== Try it ==
For this exercise, please find the lines in the entries that include the word "below" and copy them.

------ Input records

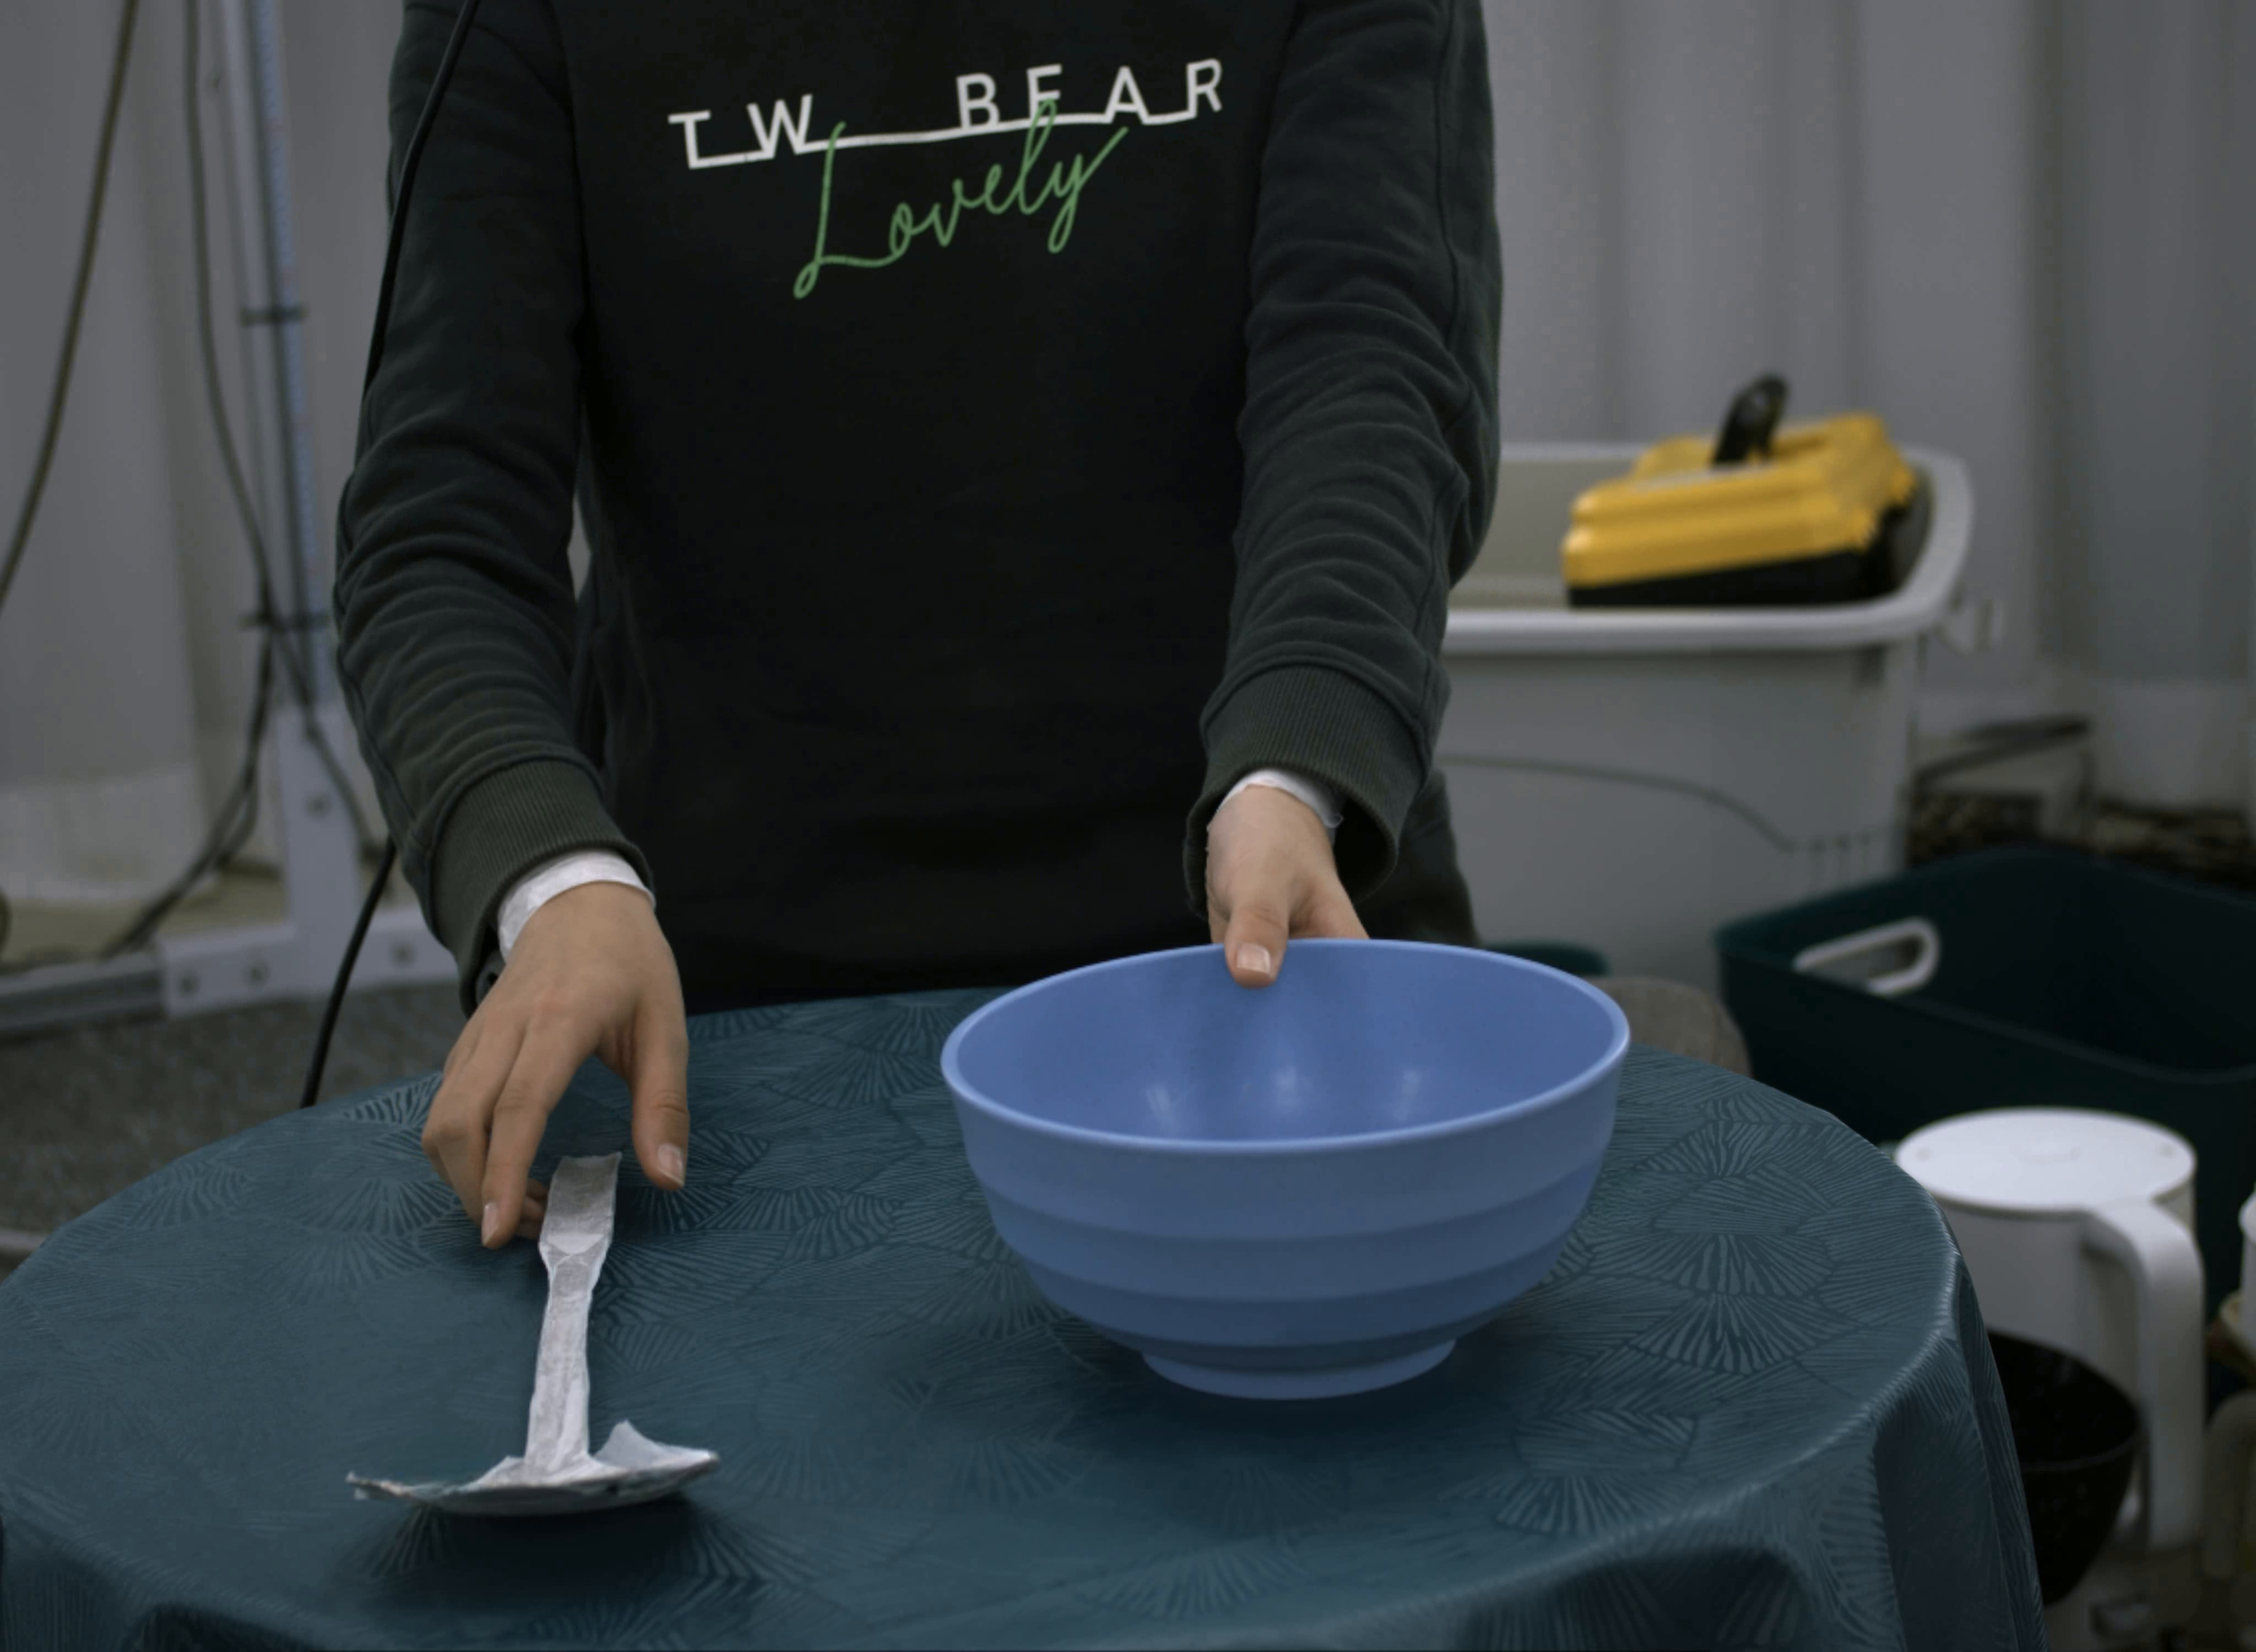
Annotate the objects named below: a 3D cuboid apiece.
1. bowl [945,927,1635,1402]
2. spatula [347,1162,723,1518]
[{"bbox_3d":[0.048,0.103,1.562,0.196,0.095,0.198,-3,17,1],"label":"bowl"},{"bbox_3d":[-0.159,0.139,1.577,0.098,0.044,0.367,-5,15,-1],"label":"spatula"}]
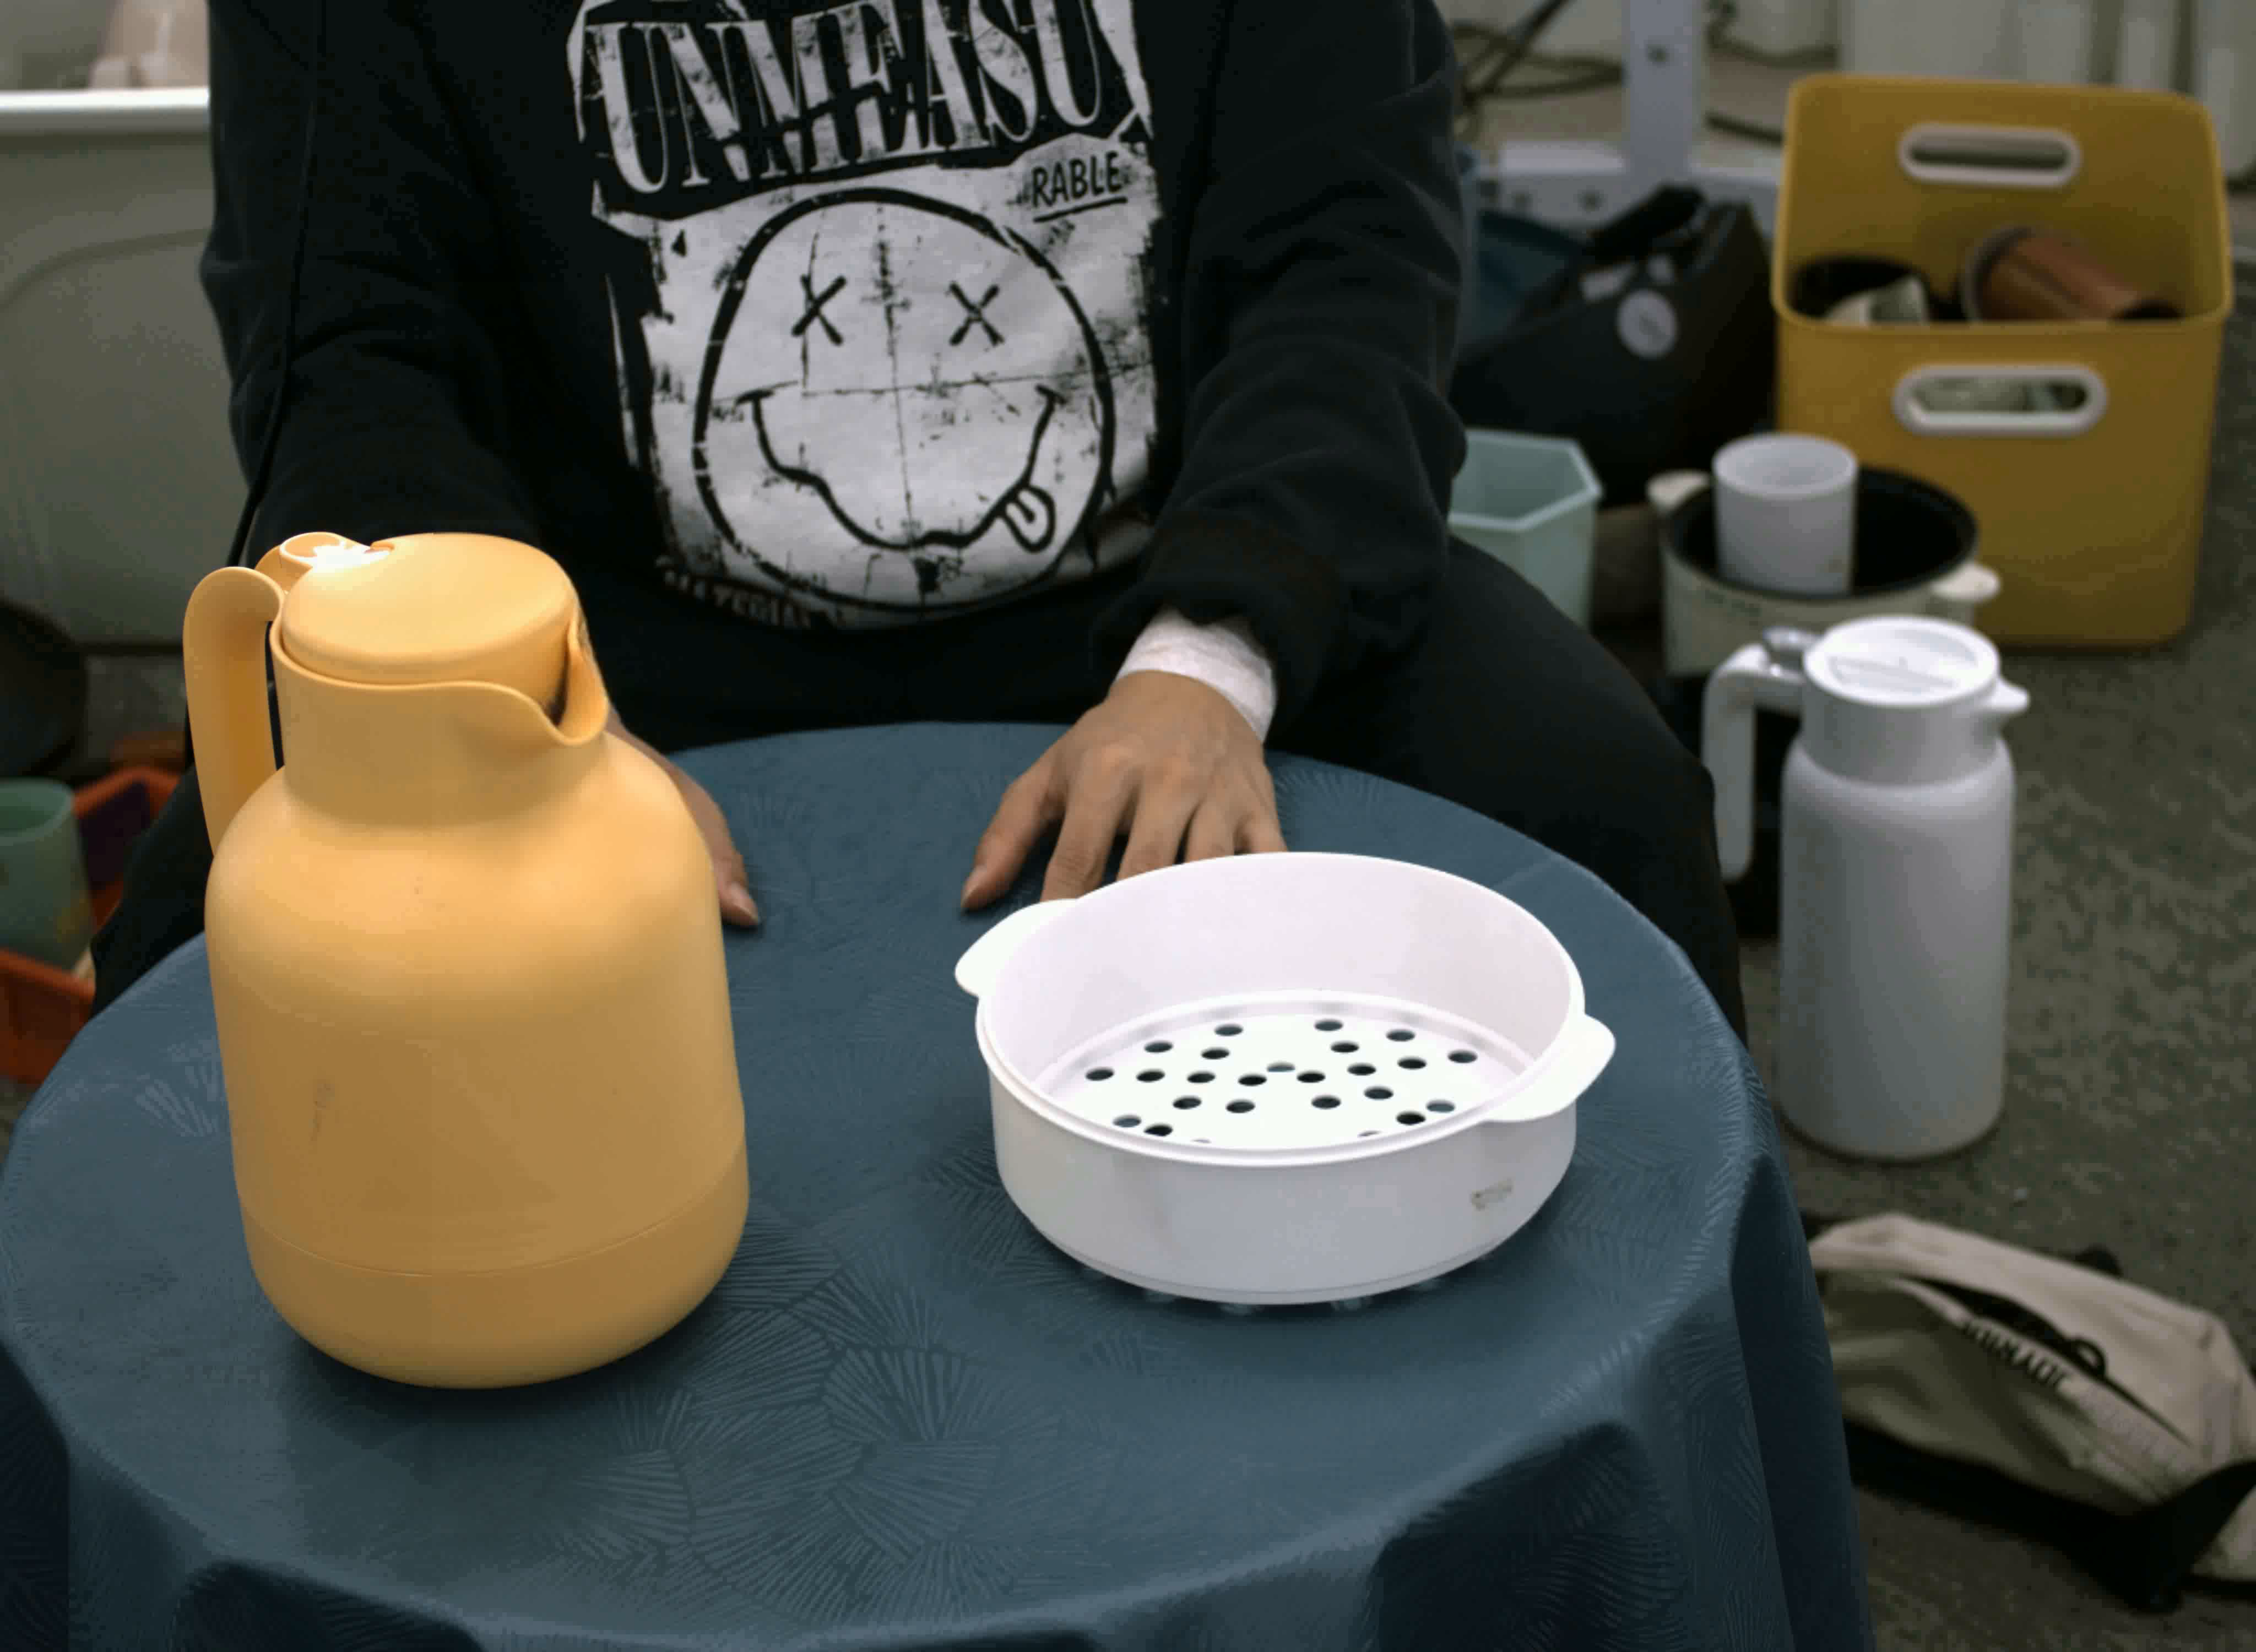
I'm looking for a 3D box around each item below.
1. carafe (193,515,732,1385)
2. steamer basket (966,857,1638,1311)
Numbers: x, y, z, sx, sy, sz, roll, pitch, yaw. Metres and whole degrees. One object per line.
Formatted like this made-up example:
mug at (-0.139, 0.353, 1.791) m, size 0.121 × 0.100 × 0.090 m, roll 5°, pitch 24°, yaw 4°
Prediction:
carafe at (-0.221, 0.029, 1.778) m, size 0.165 × 0.257 × 0.202 m, roll -21°, pitch 33°, yaw -37°
steamer basket at (0.055, 0.085, 1.851) m, size 0.229 × 0.068 × 0.205 m, roll 14°, pitch 30°, yaw 25°

------------

== Exercise response ==
Annotate the objects named below: a 3D cuboid apiece.
I'm looking for a 3D box around each item below.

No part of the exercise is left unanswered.